1.   brunette zn. 'vrouw met bruin haar'
categorie:
leenwoord
Vnnl. Die vry wat swert is sal men een brunetje noemen 'Een vrouw die nogal zwart is moet/zal men brunetje noemen' [1560; WNT bruinet], bruynette, bruynken. 'donkere vrouw, bruine vrouw' [1599; Kil.]; nnl. brunette 'id.' [1805; Meijer].
Ontleend aan Frans brunette 'bruinharige vrouw' [ca. 1175; Rey], dat evenals brunet 'bruinharige man' een afleiding is van het bn. brunet(te) 'bruinachtig' [ca. 1175; Rey], bij het bn. brun 'bruin' [1080; Rey] < middeleeuws Latijn brunus [6e eeuw; Rey], dat ontleend is aan pgm. *brūna-, zie bruin.

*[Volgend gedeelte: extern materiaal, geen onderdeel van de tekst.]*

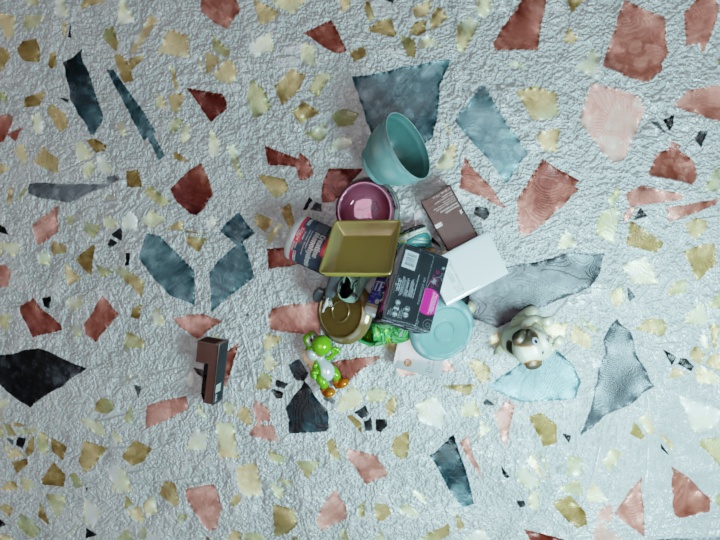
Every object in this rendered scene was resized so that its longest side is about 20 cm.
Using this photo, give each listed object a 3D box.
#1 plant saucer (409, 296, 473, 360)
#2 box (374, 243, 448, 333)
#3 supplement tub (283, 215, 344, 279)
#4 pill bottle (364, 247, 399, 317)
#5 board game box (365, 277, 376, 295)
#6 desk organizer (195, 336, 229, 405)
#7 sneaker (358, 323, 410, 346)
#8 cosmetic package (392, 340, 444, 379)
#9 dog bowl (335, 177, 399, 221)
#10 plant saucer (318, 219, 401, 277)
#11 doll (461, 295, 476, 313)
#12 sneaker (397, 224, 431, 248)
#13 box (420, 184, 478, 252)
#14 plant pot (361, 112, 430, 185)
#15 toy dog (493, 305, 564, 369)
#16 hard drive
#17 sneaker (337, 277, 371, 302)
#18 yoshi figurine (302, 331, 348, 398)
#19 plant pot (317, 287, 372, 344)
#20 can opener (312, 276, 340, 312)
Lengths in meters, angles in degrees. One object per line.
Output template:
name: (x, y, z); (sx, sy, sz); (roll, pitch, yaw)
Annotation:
plant saucer: (0.238, 0.173, 1.501); (0.198, 0.027, 0.202); (-4, 109, -12)
box: (0.129, 0.051, 1.361); (0.131, 0.115, 0.202); (18, 78, -8)
supplement tub: (-0.113, -0.064, 1.547); (0.198, 0.140, 0.142); (24, 98, 6)
pill bottle: (0.099, 0.044, 1.476); (0.119, 0.120, 0.202); (22, 79, 6)
board game box: (0.106, 0.048, 1.557); (0.198, 0.035, 0.128); (-19, 69, 10)
desk organizer: (-0.482, 0.320, 1.674); (0.076, 0.072, 0.202); (9, 96, 10)
sneaker: (0.076, 0.187, 1.540); (0.199, 0.083, 0.075); (-24, 73, 33)
cosmetic package: (0.190, 0.209, 1.574); (0.149, 0.052, 0.202); (13, 97, 10)
dog bowl: (0.017, -0.178, 1.552); (0.198, 0.074, 0.203); (1, 95, 9)
plant saucer: (0.006, -0.052, 1.416); (0.198, 0.201, 0.049); (0, 138, 16)
doll: (0.271, 0.055, 1.520); (0.200, 0.048, 0.137); (43, 75, -19)
sneaker: (0.117, -0.066, 1.550); (0.198, 0.078, 0.080); (-21, 101, 10)
box: (0.264, -0.137, 1.520); (0.100, 0.075, 0.201); (-30, 92, 9)
plant pot: (0.087, -0.324, 1.483); (0.133, 0.200, 0.202); (-23, 92, 37)
toy dog: (0.463, 0.193, 1.456); (0.192, 0.200, 0.141); (-17, 92, 9)
hard drive: (0.297, -0.006, 1.461); (0.199, 0.027, 0.133); (-27, 91, -5)
sneaker: (0.000, 0.001, 1.473); (0.073, 0.118, 0.202); (25, 92, 10)
yoshi figurine: (-0.108, 0.279, 1.591); (0.111, 0.112, 0.202); (-25, 95, 9)
plant pot: (-0.055, 0.122, 1.573); (0.198, 0.027, 0.203); (-3, 85, 31)
can opener: (-0.094, 0.049, 1.506); (0.066, 0.053, 0.201); (21, 138, -5)

In het Middelnederlands bestond al het woord brunet in de betekenis 'bruine stof' [1282; CG I, 623].
Het woord had vanaf de 16e eeuw onder invloed van het bn. bruin meestal de vorm bruinet(te), het heeft later weer de Franse vorm gekregen.
De aanduiding brunette heeft thans alleen nog betrekking op het haar, vroeger had een bru(i)net(te) ook een donkere huidskleur en zeer donkere ogen.